--- Exercise inputs Enclosed Below ---
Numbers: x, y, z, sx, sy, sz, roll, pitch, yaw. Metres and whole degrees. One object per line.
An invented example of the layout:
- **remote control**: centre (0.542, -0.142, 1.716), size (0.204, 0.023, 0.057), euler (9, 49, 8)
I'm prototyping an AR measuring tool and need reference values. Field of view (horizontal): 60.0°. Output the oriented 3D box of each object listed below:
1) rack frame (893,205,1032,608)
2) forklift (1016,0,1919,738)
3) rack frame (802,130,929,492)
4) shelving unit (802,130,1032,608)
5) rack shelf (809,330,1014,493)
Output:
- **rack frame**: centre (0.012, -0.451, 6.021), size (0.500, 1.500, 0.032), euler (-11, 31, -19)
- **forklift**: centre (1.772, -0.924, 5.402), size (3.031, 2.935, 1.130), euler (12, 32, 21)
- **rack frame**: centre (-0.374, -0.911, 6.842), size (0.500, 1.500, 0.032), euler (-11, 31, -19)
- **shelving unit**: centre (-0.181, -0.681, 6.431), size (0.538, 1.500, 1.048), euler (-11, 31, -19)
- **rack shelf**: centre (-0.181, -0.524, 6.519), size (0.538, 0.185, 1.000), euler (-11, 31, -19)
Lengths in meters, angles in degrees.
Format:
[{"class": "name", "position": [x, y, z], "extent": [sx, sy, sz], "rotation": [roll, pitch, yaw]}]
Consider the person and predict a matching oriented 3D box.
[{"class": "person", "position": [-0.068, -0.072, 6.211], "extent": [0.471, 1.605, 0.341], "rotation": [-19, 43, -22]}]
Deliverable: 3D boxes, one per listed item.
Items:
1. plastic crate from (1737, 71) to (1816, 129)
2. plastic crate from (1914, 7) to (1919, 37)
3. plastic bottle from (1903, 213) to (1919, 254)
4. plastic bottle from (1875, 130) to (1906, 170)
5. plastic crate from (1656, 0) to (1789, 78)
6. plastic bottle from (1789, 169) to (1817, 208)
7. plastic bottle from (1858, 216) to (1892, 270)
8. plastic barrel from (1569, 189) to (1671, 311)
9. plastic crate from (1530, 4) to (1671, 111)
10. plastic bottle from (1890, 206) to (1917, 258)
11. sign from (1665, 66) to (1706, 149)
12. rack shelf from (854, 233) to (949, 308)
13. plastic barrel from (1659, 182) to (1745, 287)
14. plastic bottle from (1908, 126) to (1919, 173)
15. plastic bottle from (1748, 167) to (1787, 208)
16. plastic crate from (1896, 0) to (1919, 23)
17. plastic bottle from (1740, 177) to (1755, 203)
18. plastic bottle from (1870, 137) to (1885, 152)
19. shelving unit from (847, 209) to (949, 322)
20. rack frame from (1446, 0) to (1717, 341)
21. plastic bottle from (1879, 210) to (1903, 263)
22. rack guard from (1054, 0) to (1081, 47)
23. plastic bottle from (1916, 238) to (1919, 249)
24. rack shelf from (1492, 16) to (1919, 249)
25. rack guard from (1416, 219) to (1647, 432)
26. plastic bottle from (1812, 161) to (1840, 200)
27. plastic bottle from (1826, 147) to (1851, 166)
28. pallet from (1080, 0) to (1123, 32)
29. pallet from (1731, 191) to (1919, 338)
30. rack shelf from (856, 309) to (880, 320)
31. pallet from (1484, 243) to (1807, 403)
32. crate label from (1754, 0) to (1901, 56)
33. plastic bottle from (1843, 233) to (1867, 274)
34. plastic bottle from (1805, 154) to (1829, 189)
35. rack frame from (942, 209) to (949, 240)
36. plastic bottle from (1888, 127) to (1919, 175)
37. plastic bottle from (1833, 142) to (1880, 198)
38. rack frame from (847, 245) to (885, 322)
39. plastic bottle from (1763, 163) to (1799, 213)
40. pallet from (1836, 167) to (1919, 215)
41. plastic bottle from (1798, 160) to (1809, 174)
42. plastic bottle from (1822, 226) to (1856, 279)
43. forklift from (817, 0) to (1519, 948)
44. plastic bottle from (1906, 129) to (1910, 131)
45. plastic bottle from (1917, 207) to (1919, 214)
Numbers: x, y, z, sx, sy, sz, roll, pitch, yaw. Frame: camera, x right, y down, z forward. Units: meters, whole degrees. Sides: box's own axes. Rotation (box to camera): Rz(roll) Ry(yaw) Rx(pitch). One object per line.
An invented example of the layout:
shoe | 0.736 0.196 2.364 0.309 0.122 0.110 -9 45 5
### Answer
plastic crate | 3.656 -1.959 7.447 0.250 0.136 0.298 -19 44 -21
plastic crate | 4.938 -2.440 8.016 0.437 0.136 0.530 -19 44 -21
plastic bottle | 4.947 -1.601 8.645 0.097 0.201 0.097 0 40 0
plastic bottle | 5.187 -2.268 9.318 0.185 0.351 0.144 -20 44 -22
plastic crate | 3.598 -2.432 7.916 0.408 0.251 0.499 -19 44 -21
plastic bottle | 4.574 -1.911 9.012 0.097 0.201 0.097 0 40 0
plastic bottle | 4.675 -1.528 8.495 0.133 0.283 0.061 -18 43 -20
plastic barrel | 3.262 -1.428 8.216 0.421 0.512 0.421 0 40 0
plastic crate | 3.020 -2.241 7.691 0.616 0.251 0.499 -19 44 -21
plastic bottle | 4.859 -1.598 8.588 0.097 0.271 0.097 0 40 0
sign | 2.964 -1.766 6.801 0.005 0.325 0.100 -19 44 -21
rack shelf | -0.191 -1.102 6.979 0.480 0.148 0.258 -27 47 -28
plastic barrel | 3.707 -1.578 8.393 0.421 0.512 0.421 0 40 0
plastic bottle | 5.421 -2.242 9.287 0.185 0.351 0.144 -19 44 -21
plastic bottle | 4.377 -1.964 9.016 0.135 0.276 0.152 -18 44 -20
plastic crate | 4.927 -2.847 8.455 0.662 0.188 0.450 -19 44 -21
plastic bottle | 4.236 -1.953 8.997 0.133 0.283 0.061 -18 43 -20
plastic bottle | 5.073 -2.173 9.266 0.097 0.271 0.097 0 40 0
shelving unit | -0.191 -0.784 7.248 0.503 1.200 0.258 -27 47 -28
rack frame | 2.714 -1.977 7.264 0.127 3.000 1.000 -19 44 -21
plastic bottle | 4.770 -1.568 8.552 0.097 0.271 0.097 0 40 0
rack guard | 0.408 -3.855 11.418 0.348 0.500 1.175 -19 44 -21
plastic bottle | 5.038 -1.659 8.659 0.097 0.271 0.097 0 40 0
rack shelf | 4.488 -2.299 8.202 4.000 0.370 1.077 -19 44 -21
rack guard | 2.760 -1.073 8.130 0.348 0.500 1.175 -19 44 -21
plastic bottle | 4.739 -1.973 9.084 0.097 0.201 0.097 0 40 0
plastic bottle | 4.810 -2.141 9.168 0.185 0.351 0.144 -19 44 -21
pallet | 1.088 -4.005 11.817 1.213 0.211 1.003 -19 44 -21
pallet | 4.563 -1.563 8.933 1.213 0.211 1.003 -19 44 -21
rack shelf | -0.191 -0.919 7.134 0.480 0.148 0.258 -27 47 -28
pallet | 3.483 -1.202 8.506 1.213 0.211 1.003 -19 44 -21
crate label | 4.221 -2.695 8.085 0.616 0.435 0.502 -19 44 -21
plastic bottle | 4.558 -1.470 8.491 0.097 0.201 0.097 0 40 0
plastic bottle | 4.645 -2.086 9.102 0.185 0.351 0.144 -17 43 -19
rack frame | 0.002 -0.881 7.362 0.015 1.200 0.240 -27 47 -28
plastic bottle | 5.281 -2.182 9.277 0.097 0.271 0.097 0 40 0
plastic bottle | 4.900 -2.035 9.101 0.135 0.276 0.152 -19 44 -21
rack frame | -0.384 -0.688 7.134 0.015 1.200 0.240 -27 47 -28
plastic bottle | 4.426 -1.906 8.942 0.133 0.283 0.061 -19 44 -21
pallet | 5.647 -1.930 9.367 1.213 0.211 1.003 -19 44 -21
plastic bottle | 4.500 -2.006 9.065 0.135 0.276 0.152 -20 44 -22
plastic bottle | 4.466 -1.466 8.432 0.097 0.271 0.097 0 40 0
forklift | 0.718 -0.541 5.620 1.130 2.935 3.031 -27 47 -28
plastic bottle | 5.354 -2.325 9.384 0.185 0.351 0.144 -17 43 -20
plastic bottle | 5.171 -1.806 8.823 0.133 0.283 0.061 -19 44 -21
--- End of Enclosed Exercise inputs ---
■ Task brief: Set down, unchanged, only those lines above that fall between the line with "21. plastic bottle" and the line with "34. plastic bottle", the two end lines included.

■ Answer box:
21. plastic bottle from (1879, 210) to (1903, 263)
22. rack guard from (1054, 0) to (1081, 47)
23. plastic bottle from (1916, 238) to (1919, 249)
24. rack shelf from (1492, 16) to (1919, 249)
25. rack guard from (1416, 219) to (1647, 432)
26. plastic bottle from (1812, 161) to (1840, 200)
27. plastic bottle from (1826, 147) to (1851, 166)
28. pallet from (1080, 0) to (1123, 32)
29. pallet from (1731, 191) to (1919, 338)
30. rack shelf from (856, 309) to (880, 320)
31. pallet from (1484, 243) to (1807, 403)
32. crate label from (1754, 0) to (1901, 56)
33. plastic bottle from (1843, 233) to (1867, 274)
34. plastic bottle from (1805, 154) to (1829, 189)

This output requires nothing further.